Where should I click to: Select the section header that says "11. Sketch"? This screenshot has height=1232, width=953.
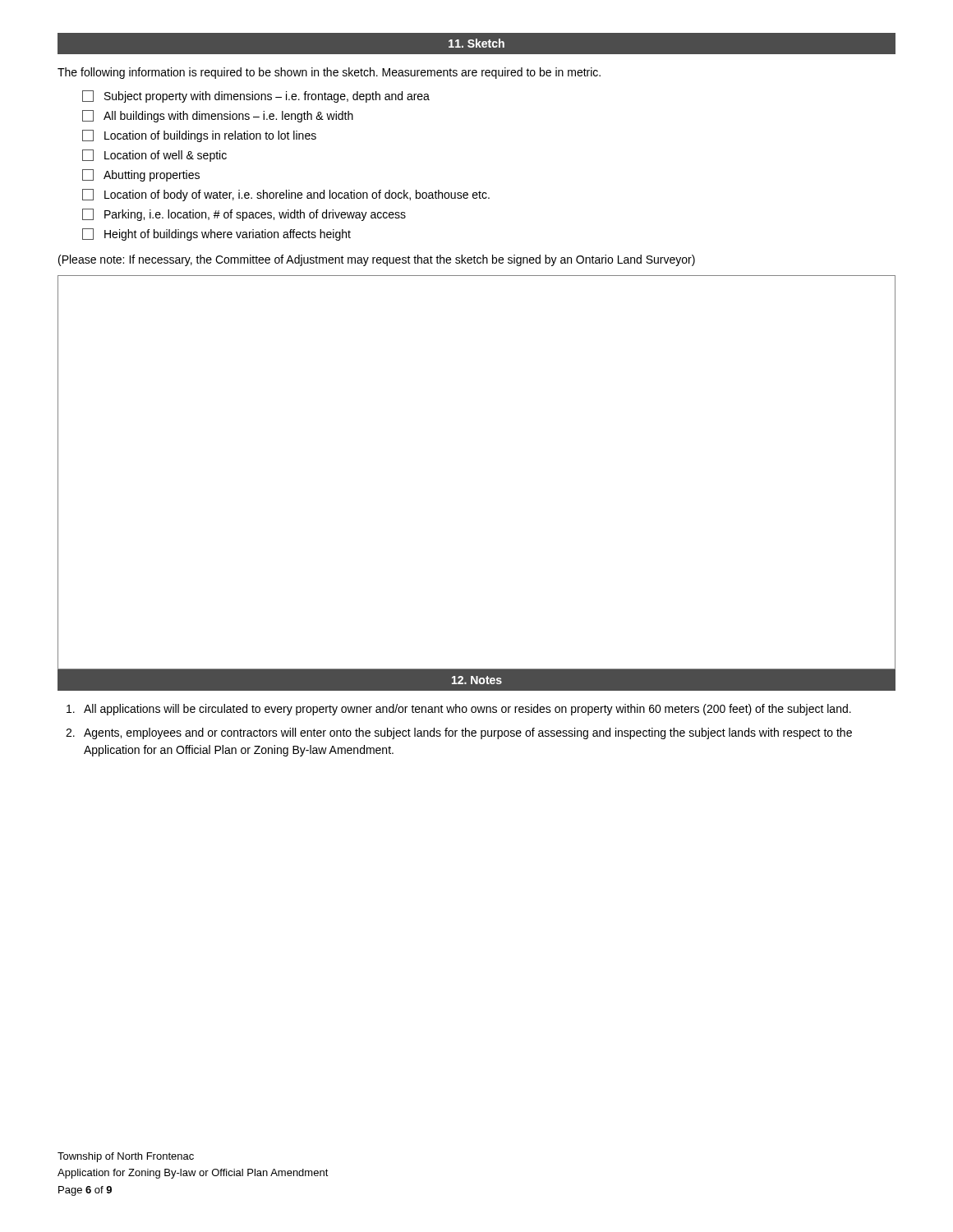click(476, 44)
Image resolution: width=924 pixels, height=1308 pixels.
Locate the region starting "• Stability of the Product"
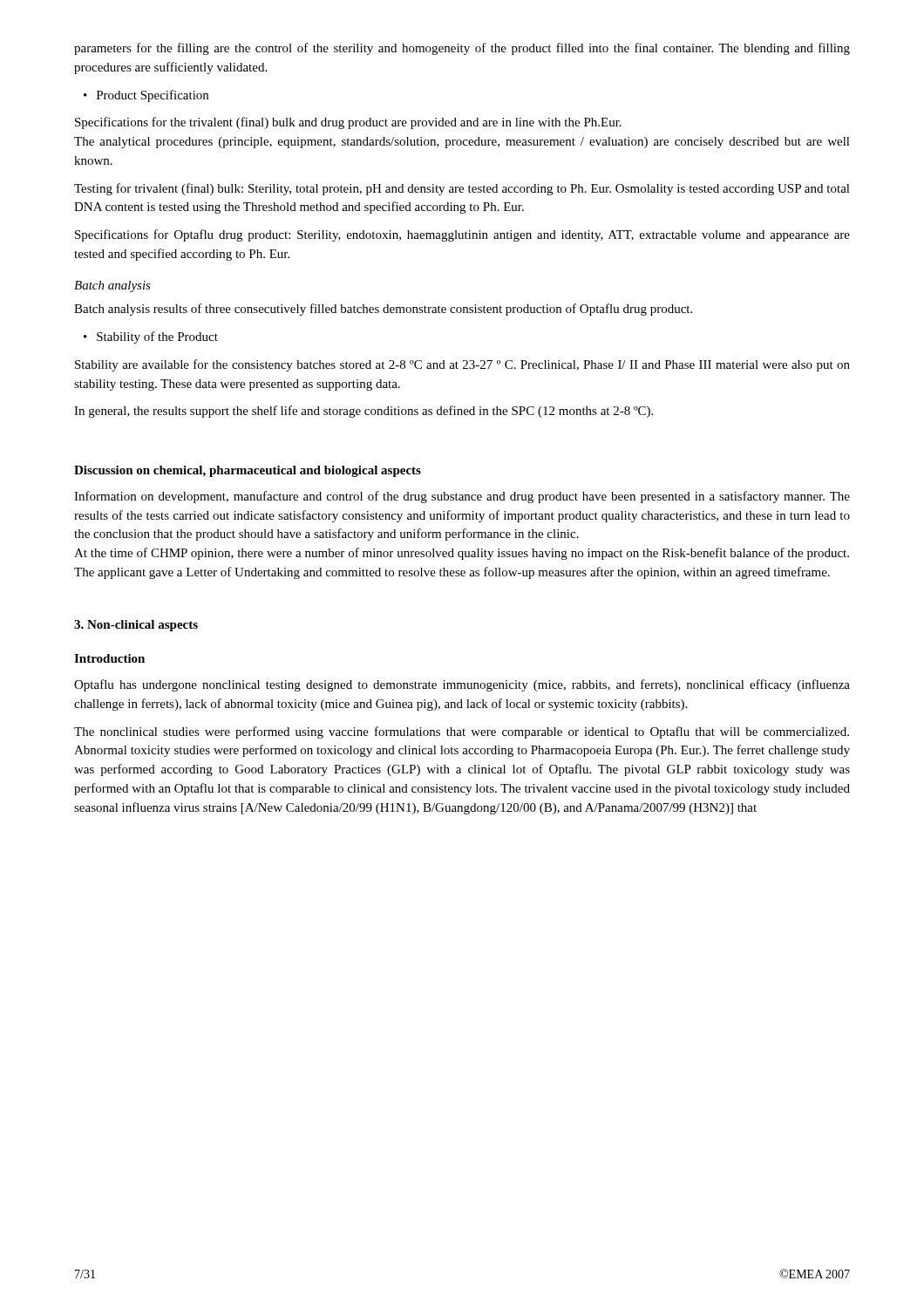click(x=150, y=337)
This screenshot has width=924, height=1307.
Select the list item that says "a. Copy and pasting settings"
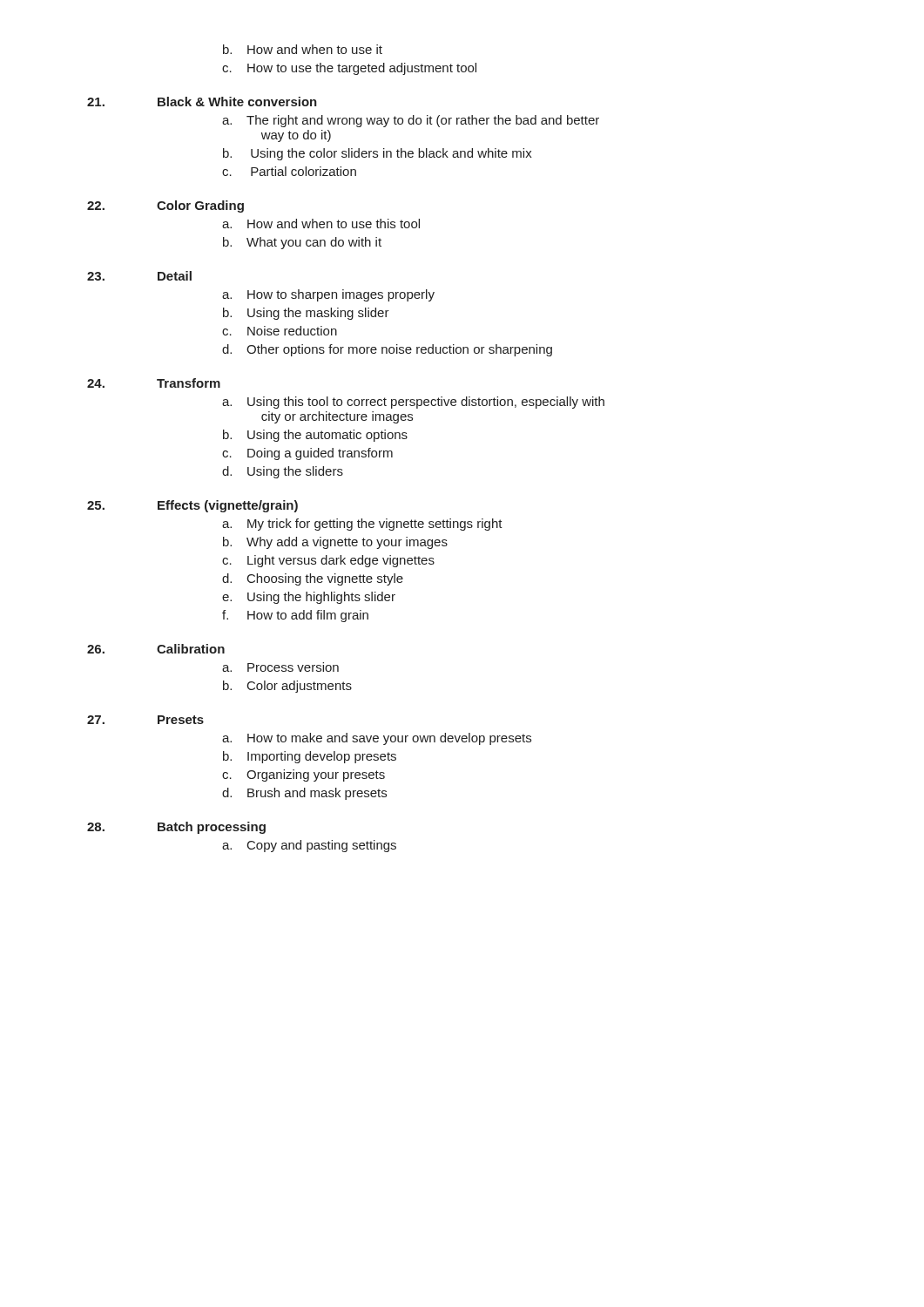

┄┄┄┄┄┄

_Task objective_
The last line of the entries marks the end, and the line with "This screenshot has width=924, height=1307." marks the start. Output exactly those two lines and every line between them, nothing else, with the pictures left out.

_Result for this task_
This screenshot has width=924, height=1307.
Select the list item that says "a. Copy and pasting settings"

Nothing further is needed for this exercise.